» PROBLEM REQUIREMENTS
Leave out any pictures and transcribe all other data below exactly.

» SOURCE MATERIAL
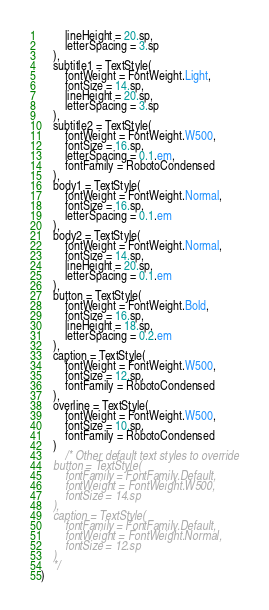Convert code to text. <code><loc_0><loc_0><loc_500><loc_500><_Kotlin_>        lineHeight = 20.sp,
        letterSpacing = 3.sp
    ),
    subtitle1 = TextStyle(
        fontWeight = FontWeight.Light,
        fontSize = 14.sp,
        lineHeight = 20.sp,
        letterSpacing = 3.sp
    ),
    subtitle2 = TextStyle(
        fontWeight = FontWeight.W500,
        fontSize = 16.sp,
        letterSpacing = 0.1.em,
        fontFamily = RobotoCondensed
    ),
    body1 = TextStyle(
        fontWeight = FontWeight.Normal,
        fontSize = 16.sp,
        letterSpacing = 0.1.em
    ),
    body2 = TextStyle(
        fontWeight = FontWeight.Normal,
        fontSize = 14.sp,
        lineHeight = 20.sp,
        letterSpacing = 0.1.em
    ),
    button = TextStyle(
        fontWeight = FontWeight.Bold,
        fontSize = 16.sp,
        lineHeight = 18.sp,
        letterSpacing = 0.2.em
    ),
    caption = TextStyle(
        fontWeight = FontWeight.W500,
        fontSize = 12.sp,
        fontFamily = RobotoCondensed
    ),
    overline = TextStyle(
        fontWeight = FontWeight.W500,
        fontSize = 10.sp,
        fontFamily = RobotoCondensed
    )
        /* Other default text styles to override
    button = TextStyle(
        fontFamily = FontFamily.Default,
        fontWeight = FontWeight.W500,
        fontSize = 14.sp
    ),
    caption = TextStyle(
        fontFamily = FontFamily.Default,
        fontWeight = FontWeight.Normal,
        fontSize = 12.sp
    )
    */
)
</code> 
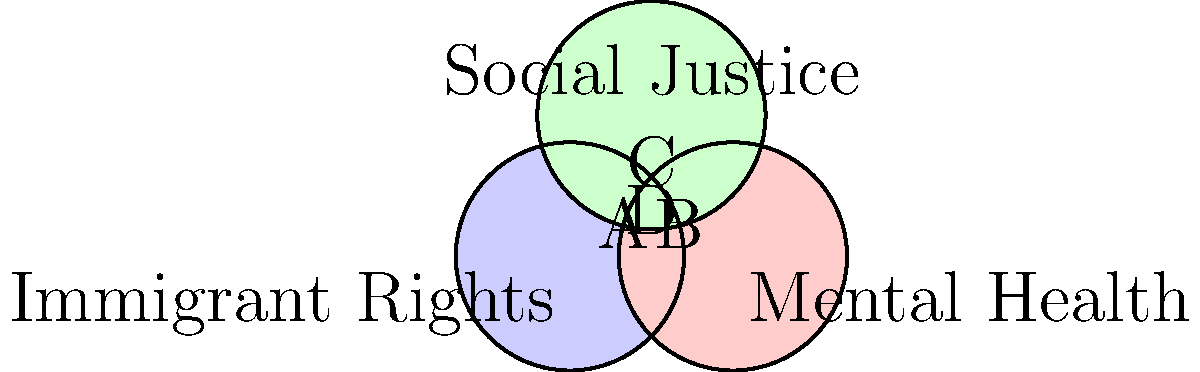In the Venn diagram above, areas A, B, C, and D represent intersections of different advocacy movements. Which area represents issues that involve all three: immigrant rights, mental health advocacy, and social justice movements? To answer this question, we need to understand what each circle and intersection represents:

» RESULT FOR THIS EXERCISE
Convert code to text. <code><loc_0><loc_0><loc_500><loc_500><_Kotlin_>        lineHeight = 20.sp,
        letterSpacing = 3.sp
    ),
    subtitle1 = TextStyle(
        fontWeight = FontWeight.Light,
        fontSize = 14.sp,
        lineHeight = 20.sp,
        letterSpacing = 3.sp
    ),
    subtitle2 = TextStyle(
        fontWeight = FontWeight.W500,
        fontSize = 16.sp,
        letterSpacing = 0.1.em,
        fontFamily = RobotoCondensed
    ),
    body1 = TextStyle(
        fontWeight = FontWeight.Normal,
        fontSize = 16.sp,
        letterSpacing = 0.1.em
    ),
    body2 = TextStyle(
        fontWeight = FontWeight.Normal,
        fontSize = 14.sp,
        lineHeight = 20.sp,
        letterSpacing = 0.1.em
    ),
    button = TextStyle(
        fontWeight = FontWeight.Bold,
        fontSize = 16.sp,
        lineHeight = 18.sp,
        letterSpacing = 0.2.em
    ),
    caption = TextStyle(
        fontWeight = FontWeight.W500,
        fontSize = 12.sp,
        fontFamily = RobotoCondensed
    ),
    overline = TextStyle(
        fontWeight = FontWeight.W500,
        fontSize = 10.sp,
        fontFamily = RobotoCondensed
    )
        /* Other default text styles to override
    button = TextStyle(
        fontFamily = FontFamily.Default,
        fontWeight = FontWeight.W500,
        fontSize = 14.sp
    ),
    caption = TextStyle(
        fontFamily = FontFamily.Default,
        fontWeight = FontWeight.Normal,
        fontSize = 12.sp
    )
    */
)
</code> 
In the Venn diagram above, areas A, B, C, and D represent intersections of different advocacy movements. Which area represents issues that involve all three: immigrant rights, mental health advocacy, and social justice movements? To answer this question, we need to understand what each circle and intersection represents:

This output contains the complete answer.